In [1]:
# Optional: change Jupyter Notebook theme to GDD theme
from IPython.core.display import HTML
HTML(url='https://gdd.li/jupyter-theme')

![footer_logo](https://marysia.nl/assets/GDD/css/logo.png)

# Partial Dependence Plots

![footer_logo](https://pbs.twimg.com/profile_images/726045460331401216/izaV7jmy_400x400.jpg)

The last method of explainability that we will cover in this workshop is that of _Partial Dependence Plots_. Combined with the other methods (_Ceteris Paribus_, _Prediction Break-Down_ and _Permutation Feature Importance_) this will cover the entire scale of local and global feature importance and sensitivity methods. 

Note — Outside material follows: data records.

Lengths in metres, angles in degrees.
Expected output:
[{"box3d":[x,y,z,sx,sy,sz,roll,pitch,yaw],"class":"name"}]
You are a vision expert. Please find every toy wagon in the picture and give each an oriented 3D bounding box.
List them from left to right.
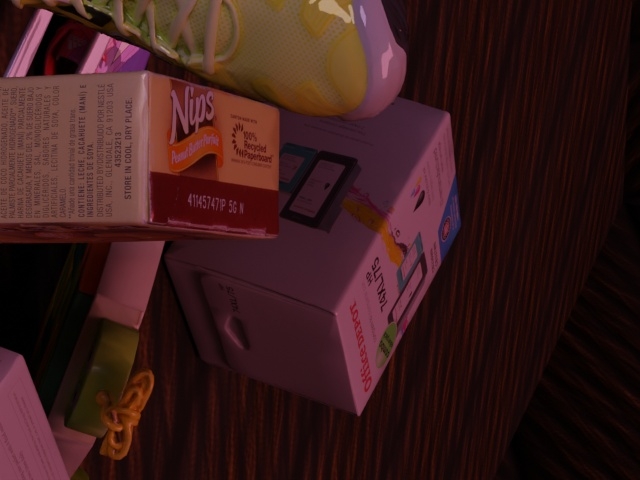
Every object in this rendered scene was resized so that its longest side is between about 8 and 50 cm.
[{"box3d":[-0.170,0.067,1.242,0.344,0.068,0.267,-114,-135,-74],"class":"toy wagon"}]

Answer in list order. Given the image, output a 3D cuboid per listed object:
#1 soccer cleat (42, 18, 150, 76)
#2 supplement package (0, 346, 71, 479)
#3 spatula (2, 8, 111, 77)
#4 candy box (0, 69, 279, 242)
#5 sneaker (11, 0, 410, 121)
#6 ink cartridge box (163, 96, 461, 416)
[{"box3d":[-0.168,-0.179,1.272,0.095,0.083,0.248,-15,124,-68],"class":"soccer cleat"},{"box3d":[-0.324,0.203,1.047,0.293,0.175,0.177,-58,157,-33],"class":"supplement package"},{"box3d":[-0.203,-0.184,1.193,0.168,0.019,0.242,29,86,-48],"class":"spatula"},{"box3d":[-0.202,-0.043,0.952,0.183,0.316,0.088,7,82,-69],"class":"candy box"},{"box3d":[-0.119,-0.169,1.000,0.147,0.384,0.145,-37,148,-42],"class":"sneaker"},{"box3d":[0.000,0.000,1.671,0.270,0.197,0.198,-60,156,-29],"class":"ink cartridge box"}]
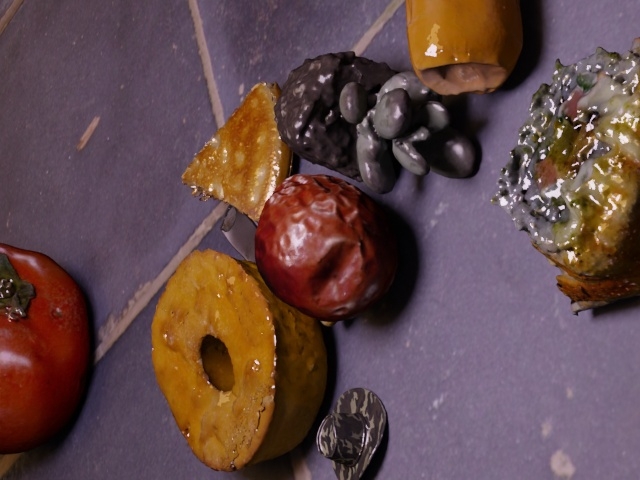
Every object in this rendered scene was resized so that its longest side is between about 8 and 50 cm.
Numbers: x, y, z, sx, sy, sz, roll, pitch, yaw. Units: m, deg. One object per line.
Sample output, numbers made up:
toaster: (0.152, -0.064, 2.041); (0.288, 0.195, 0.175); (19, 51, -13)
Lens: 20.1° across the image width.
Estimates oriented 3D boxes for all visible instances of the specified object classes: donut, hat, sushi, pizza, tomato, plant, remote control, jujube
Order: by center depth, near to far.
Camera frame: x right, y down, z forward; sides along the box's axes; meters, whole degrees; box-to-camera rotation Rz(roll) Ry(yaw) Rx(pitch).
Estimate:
sushi: (0.274, -0.059, 1.727); (0.184, 0.139, 0.274); (34, 101, 57)
plant: (0.057, -0.135, 2.073); (0.274, 0.146, 0.149); (21, 94, 56)
hat: (0.026, 0.225, 2.082); (0.121, 0.050, 0.121); (-31, 52, 49)
jujube: (0.000, 0.000, 2.102); (0.236, 0.168, 0.168); (-123, 53, -67)
donut: (-0.095, 0.149, 2.213); (0.277, 0.108, 0.277); (-3, 86, 53)
remote control: (-0.079, 0.014, 2.334); (0.212, 0.028, 0.059); (50, 123, 50)
pizza: (-0.101, -0.107, 2.375); (0.193, 0.053, 0.201); (-5, 74, 44)
tomato: (-0.504, 0.166, 2.701); (0.325, 0.293, 0.290); (63, 144, 38)

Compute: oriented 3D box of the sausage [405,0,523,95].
sausage: (0.155, -0.332, 2.018); (0.134, 0.116, 0.354); (-8, 64, 18)

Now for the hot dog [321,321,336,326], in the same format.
hot dog: (0.021, 0.068, 2.163); (0.090, 0.034, 0.030); (-86, 18, -48)
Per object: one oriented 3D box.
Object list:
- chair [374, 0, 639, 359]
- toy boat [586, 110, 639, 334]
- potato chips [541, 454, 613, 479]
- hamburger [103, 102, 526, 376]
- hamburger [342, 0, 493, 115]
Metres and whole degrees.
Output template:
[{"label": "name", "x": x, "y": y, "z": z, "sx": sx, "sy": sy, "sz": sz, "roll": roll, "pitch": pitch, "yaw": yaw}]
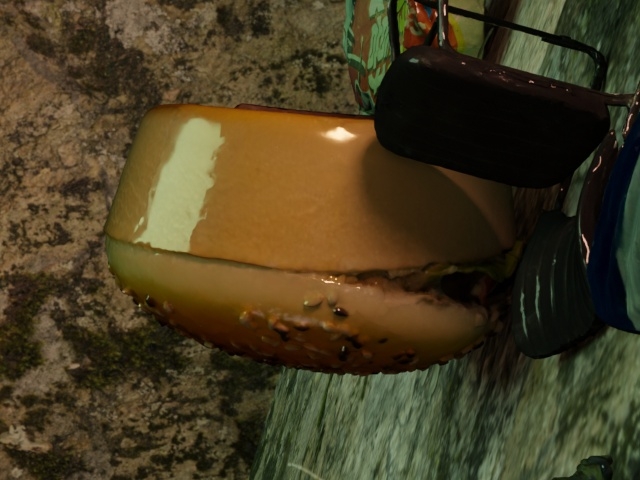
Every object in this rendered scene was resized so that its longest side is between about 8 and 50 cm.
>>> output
[{"label": "chair", "x": 0.101, "y": -0.063, "z": 0.764, "sx": 0.140, "sy": 0.145, "sz": 0.221, "roll": 116, "pitch": 168, "yaw": -68}, {"label": "toy boat", "x": 0.170, "y": -0.101, "z": 0.558, "sx": 0.210, "sy": 0.070, "sz": 0.291, "roll": 116, "pitch": 172, "yaw": -53}, {"label": "potato chips", "x": 0.107, "y": 0.160, "z": 0.663, "sx": 0.207, "sy": 0.028, "sz": 0.091, "roll": 114, "pitch": 170, "yaw": -70}, {"label": "hamburger", "x": 0.000, "y": 0.000, "z": 0.940, "sx": 0.300, "sy": 0.300, "sz": 0.176, "roll": -138, "pitch": 53, "yaw": -85}, {"label": "hamburger", "x": 0.110, "y": -0.217, "z": 1.349, "sx": 0.276, "sy": 0.151, "sz": 0.260, "roll": -140, "pitch": 47, "yaw": -68}]

|        | **Feature Importance**             | **Sensitivity**             |
|--------|--------------------------------|--------------------------|
| **Local**  | Prediction Break-Down          | Ceteris Paribus          |
| **Global** | Permutation Feature Importance | _Partial Dependence Plots_ |

Partial Dependence Plots are therefore a _global_ method for determining feature _sensitivity_. As a reminder of how feature sensitivity helps explain a model, we will first revisit the Ceteris Paribus plots for the Penguins body mass regression model. Then, we will extend this to Partial Dependence Plots. 

### Outline
1. [Revisit: Ceteris Paribus plots](#cetpar)
1. [Partial Dependence Plots](#partplot)
1. [Exercise](#ex1)


<a id = 'cetpar'></a>

# 1. Revisit: Ceteris Paribus plots

Let us revist the Ceteris Paribus plots from the earlier notebook. In order to do that, we once again start out by loading in the data and creating the model. 

In [None]:
import pandas as pd 
from sklearn.model_selection import train_test_split

# Read in the data again - do *not* drop Adélie! 
penguins = (
    pd.read_csv('data/penguins.csv')
    .dropna()
)

# Set features & target.
feature_columns = ['flipper_length_mm', 'bill_length_mm', 'bill_depth_mm', 'sex', 'island', 'species']
target = 'body_mass_g'

# Set X and y
X = penguins.loc[:, feature_columns]
y = penguins.loc[:, target]

# Split the dataset. 
X_train, X_test, y_train, y_test = train_test_split(X, y, test_size = 0.3, random_state=42)

In [None]:
from sklearn.ensemble import RandomForestRegressor 
from sklearn.compose import ColumnTransformer
from sklearn.preprocessing import OneHotEncoder
from sklearn.pipeline import Pipeline

ct = ColumnTransformer([
    ('onehot', OneHotEncoder(), ['sex', 'species', 'island']),
], remainder='passthrough')

pipeline = Pipeline([
    ('ct', ct),
    ('model', RandomForestRegressor(random_state=42))
])

pipeline.fit(X_train, y_train)
pipeline.score(X_test, y_test)

In order to create the Ceteris Paribus plots, the model needs to be wrapped in an Explainer object.

In [None]:
import dalex 

explainer = dalex.Explainer(pipeline, X_train, y_train)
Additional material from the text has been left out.